# Best DIY Band



## jdoge1408

I want to make an office supply/at home slingshot and don't want to buy TB or Tubes for it and wanted to know what would work best for the bands, I know rubber bands or elastic will probably be the answer but I just wanted to know for sure


----------



## D.Nelson

Alliance 105/107 or chained/braided #64s.


----------



## D.Nelson

Also, Walmart Golds Gym green bands if you don't want to order anything. Same as theraband silver.


----------



## Grandpa Grumpy

#84 office bands work well with 3/8 steel if you have a shorter draw. I use #117 office bands with 1/4 ammo with a longer draw and a ring shooter.


----------



## jdoge1408

Thanks.


----------



## NaturalFork

Chained office rubber is great for a "no supplies needed" band setup.


----------



## Charles

I have used the suggestions already mentioned, and they work fine. I also really like Alliance File Bands. They work very well in ring shooters. Without chaining them, they will give you a draw length about to your cheek; of course if you braid them or chain them, you can make them as long as you like. The Alliance File Bands have very good speed.
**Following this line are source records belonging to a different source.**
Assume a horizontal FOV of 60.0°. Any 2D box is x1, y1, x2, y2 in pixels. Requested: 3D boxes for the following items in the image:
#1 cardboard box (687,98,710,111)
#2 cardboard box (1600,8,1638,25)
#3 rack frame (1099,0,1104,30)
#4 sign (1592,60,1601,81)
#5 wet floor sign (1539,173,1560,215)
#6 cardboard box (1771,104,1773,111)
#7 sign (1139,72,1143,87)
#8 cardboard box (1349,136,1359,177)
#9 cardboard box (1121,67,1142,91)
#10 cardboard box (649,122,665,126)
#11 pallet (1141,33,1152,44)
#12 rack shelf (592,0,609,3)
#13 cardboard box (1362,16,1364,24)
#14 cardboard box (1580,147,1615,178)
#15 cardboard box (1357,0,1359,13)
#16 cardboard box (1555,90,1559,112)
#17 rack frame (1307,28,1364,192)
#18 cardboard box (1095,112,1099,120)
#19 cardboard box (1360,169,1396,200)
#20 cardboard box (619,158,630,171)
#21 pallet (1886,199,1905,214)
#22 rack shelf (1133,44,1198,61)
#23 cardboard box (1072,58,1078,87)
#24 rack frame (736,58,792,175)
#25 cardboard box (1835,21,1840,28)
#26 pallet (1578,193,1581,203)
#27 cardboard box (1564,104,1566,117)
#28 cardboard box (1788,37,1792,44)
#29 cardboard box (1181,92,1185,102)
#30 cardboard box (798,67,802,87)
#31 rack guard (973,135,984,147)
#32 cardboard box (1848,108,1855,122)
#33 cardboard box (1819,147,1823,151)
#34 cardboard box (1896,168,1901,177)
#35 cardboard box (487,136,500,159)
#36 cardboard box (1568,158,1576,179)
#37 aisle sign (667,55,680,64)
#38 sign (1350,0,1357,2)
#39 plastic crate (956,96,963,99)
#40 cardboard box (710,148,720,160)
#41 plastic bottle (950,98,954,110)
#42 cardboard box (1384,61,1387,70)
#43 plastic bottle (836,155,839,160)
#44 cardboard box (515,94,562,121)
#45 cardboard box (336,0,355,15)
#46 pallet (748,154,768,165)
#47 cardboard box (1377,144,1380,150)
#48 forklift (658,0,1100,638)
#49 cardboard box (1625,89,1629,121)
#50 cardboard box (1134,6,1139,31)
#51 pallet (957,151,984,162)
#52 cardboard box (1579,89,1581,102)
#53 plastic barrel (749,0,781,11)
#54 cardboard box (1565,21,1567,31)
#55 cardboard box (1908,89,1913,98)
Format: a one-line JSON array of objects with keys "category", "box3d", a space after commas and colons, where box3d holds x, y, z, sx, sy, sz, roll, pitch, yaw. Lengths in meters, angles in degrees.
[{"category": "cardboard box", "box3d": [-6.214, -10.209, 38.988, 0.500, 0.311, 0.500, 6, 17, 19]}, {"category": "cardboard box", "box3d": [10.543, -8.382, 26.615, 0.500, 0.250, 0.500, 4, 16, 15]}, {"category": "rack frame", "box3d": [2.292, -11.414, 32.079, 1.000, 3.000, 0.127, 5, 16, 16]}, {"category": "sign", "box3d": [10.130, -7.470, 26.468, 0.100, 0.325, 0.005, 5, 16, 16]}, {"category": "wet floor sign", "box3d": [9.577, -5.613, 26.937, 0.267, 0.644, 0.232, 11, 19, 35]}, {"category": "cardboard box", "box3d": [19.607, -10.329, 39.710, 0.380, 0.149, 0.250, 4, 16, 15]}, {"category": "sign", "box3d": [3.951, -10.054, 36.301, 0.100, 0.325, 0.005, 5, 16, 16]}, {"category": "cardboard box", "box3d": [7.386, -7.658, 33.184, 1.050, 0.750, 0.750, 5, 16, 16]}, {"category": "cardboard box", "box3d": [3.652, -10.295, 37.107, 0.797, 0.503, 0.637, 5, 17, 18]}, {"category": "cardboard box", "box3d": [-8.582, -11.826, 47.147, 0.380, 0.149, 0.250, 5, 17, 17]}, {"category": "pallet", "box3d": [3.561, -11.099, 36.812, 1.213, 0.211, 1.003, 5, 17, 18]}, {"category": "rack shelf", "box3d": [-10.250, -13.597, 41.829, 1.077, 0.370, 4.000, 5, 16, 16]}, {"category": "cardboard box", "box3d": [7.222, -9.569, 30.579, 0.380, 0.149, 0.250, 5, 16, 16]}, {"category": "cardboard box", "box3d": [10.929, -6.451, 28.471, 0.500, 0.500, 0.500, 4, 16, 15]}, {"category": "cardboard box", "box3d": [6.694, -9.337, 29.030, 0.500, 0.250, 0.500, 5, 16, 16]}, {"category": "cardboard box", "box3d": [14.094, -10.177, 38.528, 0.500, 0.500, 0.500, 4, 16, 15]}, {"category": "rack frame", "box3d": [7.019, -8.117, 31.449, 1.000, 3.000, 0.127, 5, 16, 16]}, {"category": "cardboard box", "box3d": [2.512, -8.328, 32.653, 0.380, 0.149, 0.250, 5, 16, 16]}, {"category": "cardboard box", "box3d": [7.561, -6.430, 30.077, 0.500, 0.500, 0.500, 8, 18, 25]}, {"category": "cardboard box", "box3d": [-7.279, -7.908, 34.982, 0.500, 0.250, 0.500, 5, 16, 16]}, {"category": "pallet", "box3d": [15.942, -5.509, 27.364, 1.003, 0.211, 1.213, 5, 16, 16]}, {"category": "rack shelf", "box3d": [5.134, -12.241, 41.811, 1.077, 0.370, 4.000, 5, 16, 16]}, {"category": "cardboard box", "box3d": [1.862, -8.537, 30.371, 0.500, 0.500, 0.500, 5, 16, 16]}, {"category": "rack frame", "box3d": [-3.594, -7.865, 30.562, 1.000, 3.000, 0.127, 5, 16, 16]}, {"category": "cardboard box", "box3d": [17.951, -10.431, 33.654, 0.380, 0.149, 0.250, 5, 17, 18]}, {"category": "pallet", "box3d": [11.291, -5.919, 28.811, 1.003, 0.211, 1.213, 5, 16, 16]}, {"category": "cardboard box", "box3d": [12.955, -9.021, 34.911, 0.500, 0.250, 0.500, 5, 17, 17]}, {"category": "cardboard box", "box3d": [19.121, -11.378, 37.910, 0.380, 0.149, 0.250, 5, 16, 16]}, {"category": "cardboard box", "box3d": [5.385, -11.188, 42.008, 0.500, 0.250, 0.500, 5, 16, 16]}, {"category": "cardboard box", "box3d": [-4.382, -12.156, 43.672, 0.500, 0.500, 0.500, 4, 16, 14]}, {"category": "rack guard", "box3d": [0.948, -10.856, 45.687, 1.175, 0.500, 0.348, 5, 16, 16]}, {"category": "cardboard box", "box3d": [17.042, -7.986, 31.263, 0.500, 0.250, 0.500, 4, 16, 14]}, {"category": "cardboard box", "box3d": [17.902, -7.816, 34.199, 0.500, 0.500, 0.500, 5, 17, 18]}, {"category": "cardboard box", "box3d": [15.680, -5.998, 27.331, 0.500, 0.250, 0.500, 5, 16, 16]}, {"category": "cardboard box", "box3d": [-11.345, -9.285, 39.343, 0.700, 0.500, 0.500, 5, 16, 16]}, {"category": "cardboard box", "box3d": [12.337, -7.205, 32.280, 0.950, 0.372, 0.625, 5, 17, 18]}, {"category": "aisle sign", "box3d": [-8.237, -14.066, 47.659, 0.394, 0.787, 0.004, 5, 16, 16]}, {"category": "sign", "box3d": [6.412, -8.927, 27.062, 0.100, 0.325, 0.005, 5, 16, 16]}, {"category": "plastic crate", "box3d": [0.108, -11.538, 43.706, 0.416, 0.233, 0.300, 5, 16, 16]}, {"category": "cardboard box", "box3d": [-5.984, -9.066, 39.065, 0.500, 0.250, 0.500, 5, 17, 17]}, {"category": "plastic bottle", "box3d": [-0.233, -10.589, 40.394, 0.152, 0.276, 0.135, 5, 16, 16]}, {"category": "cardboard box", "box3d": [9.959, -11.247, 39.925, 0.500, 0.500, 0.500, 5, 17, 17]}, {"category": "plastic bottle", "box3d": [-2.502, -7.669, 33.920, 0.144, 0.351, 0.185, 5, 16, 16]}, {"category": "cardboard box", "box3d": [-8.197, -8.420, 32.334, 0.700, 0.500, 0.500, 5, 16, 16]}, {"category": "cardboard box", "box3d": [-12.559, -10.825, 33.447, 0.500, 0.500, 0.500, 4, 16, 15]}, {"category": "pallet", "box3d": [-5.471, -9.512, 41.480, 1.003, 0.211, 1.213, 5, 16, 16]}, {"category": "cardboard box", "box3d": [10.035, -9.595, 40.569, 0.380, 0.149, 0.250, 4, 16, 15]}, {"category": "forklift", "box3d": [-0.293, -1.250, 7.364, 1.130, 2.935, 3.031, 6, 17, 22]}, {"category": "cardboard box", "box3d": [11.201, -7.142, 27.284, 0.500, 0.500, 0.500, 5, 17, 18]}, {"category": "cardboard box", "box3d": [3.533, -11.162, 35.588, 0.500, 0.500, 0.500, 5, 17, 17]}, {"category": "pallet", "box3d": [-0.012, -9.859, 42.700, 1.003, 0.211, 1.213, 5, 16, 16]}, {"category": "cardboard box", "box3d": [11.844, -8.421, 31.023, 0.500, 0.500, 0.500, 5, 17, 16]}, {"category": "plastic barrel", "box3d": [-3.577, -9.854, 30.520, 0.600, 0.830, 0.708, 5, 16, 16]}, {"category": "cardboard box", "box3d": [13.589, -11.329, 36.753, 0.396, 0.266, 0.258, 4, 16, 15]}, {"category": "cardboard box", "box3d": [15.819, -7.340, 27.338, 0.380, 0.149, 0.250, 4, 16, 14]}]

http://www.officedepot.com/a/products/230329/Alliance-Rubber-Brites-File-Bands-Neon/

http://www.amazon.com/Alliance-Brites-Bands-Inches-Colors/dp/B000NNXY8Y

I got my first match light using Alliance File Bands.






Cheers .... Charles


----------



## 1ftp

Hope it's ok to reply to a post from a while ago, but I'm a big fan of office bands and found this in a search. Anyway I recently filmed a quick demo of how I usually use them (in a 2-1-1-1-1 "braid") since most of the talk online regards using chains.





.

I use "5 Star Office" #64 bands by the way, a high-latex band available in the UK.
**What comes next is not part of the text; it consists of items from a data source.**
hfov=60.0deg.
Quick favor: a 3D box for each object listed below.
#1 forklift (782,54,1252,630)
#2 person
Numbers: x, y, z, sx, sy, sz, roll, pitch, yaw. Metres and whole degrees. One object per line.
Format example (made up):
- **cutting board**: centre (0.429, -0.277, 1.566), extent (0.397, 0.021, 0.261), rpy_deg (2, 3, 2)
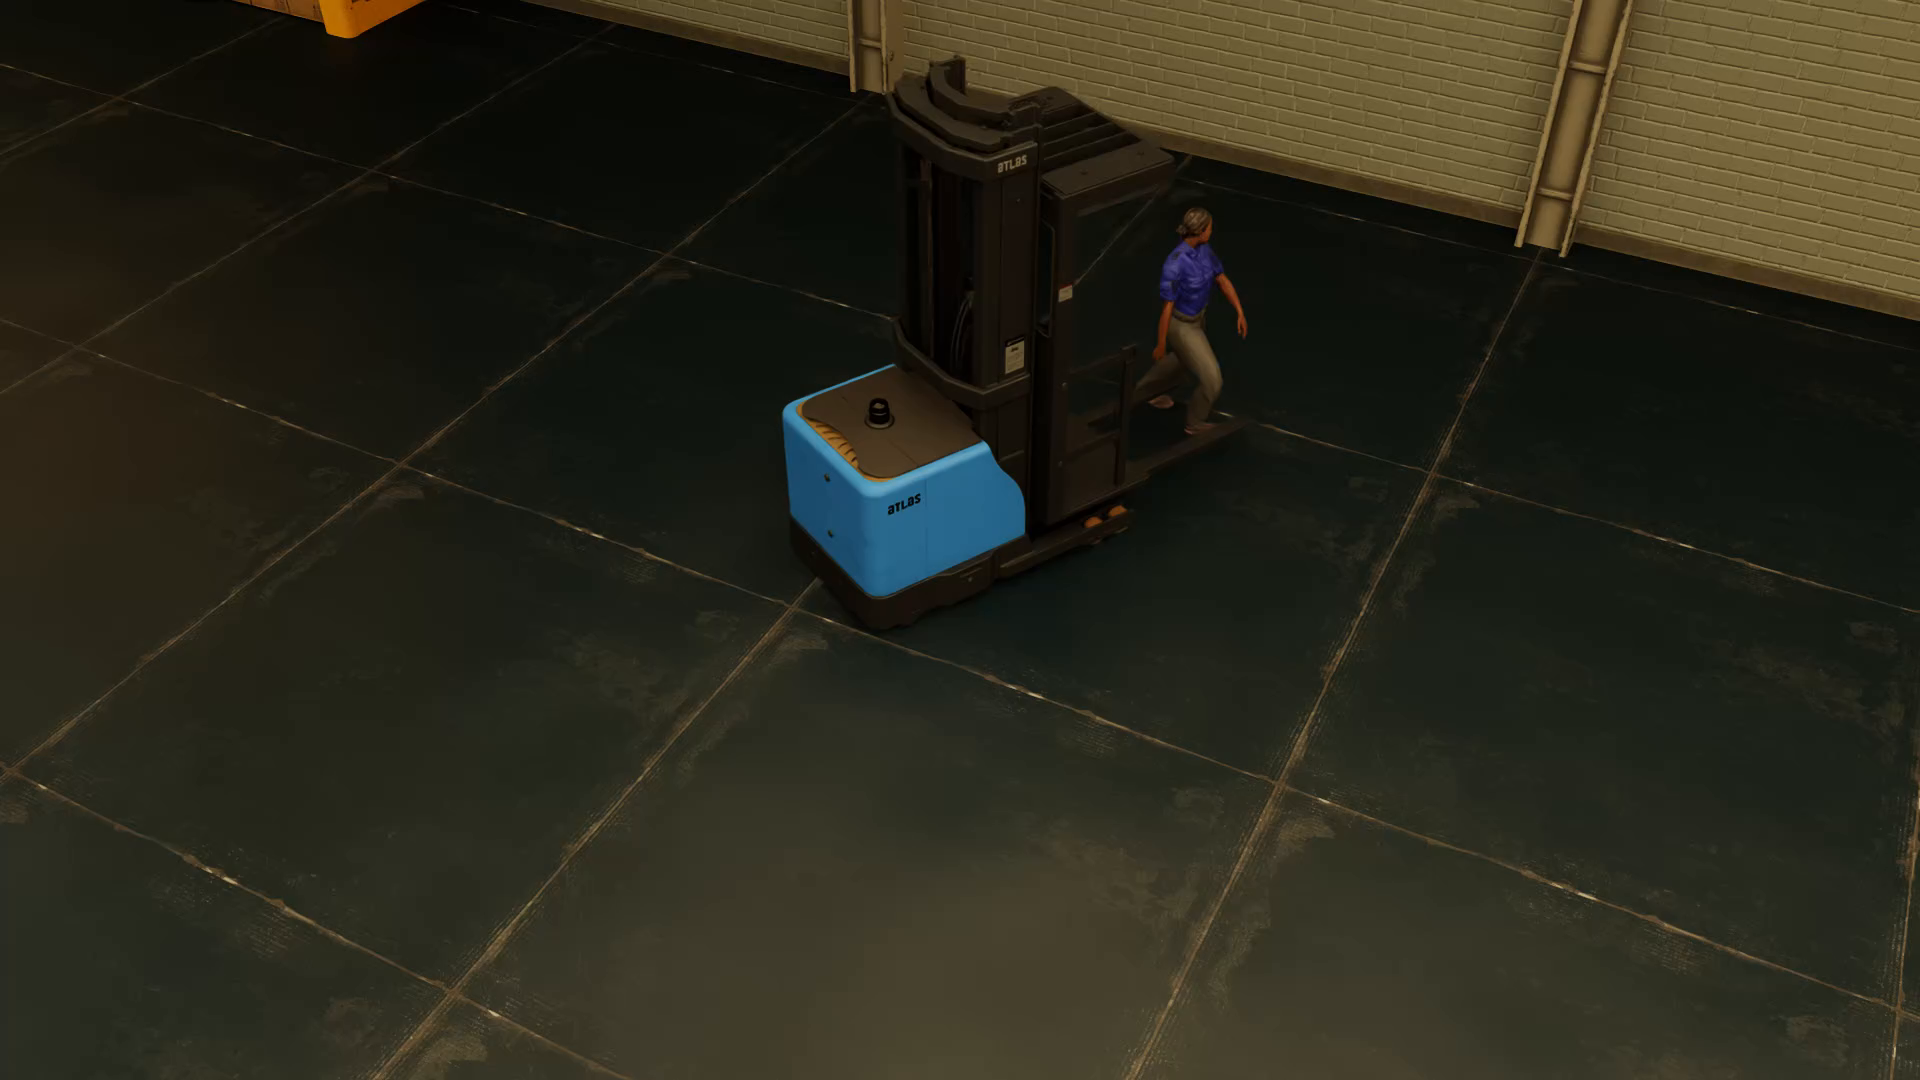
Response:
- **forklift**: centre (0.467, -1.354, 9.594), extent (3.031, 2.935, 1.130), rpy_deg (-24, 46, -26)
- **person**: centre (1.454, -1.360, 10.654), extent (0.774, 1.571, 0.599), rpy_deg (17, 43, 20)

Excuse the "midlands monotone" accent :hmm:


----------



## Poiema

aerolith said:


> I'm a big fan of office bands and found this in a search. Anyway I recently filmed a quick demo of how I usually use them (in a *2-1-1-1-1* "braid") since most of the talk online regards using chains.
> 
> 
> 
> 
> 
> .
> 
> I use "*5 Star Office" #64* bands by the way, a high-latex band available in the UK.
> 
> Excuse the "midlands monotone" accent :hmm:


Excellent tutorial.

You should definitely consider including this #64 Braided Office Bands tutorial in the VIDEO section as well. There is a 'silent' video demo already posted. But I really like yours. The verbal instructions are more helpful I think. And I love your homemade bike seat slingshot. Very charming.


----------



## 1ftp

Ah, didn't know I could post there - I thought it was for threads to be moved to if they had a decent how-to.
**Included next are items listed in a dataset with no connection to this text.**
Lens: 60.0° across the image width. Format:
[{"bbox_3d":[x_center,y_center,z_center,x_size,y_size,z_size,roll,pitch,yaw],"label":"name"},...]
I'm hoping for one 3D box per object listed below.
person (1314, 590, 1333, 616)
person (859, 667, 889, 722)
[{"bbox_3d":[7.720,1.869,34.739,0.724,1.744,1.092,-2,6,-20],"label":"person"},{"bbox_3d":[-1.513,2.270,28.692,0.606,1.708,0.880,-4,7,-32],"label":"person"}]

Thanks for the kind comments - I can't take credit for the bike-seat frame, a buddy of mine sent it over for me to try and I get on with it really well.


----------



## D.Nelson

Do check out rubberbandguns #32 red rubber bands. Charles did some tests on it, and it is pretty darn good.


----------



## 1ftp

I would really love to give them a try but sadly they're hard to come by over here (UK). I may fry 5-Star #32 and see how they go. I've only experimented with #64 as far as office bands go, but I'm keen to try smaller braided bands - maybe in a taper 5-4-3-2 or similar


----------



## D.Nelson

I'm using cheapo #32s right now. Good performance in a 22111 braid using .38 lead. I like em.


----------



## D.Nelson

I also like the skinny rubber bands in contrast to those huge #64s. So much easier to work with. Looks better to me as well.


----------



## 1ftp

The smaller thinner bands do look smart in a braid. I'd be interested to see chrony/impact results of #32 braided and #64 braided, just for comparison. I think the 64 hits hard enough, but wonder if more, smaller bands would heave the ammo a bit faster. Maybe it could deal with heavier ammo too.


----------



## DogBox

There might also be some info in the Slingshot Bands and Tubes section I think...?


----------



## DogBox

Aerolith..."..excuse the Midlands monotone accent.".... classic! man, classic!


----------



## jdoge1408

Thanks everyone I ended up braiding office bands together, not lethal but works pretty well


----------



## Fletch

I band my "scouts" with red clay #32s in a 3-3-2-2-2-2 configuration. It "feels" like it snaps out quickly as compared to the longer, ever accelerating, flat band feel. I run gypsy tabs with them and that is pretty much my main setup. Very quiet.....


----------



## Chuck Daehler

If it's not hard hitting speed you are after, just havin' a little fun and getting some practice on form, really, whatever works, works. The large wide office supply rubber bands are what I used as a kid and still do. (Alliance Sterlings)...pic linked out of my wife's album...
http://slingshotforum.com/gallery/image/23416-sterling-band-box/

http://slingshotforum.com/gallery/image/23414-sterling-bands/ 72 bands $10 Walmart, USA, ordered and mailed to USA destination. Economical, contain some latex, pretty good, already cut to width, you cut to length, long enough for a half maybe 2/3 butter fly stance.


----------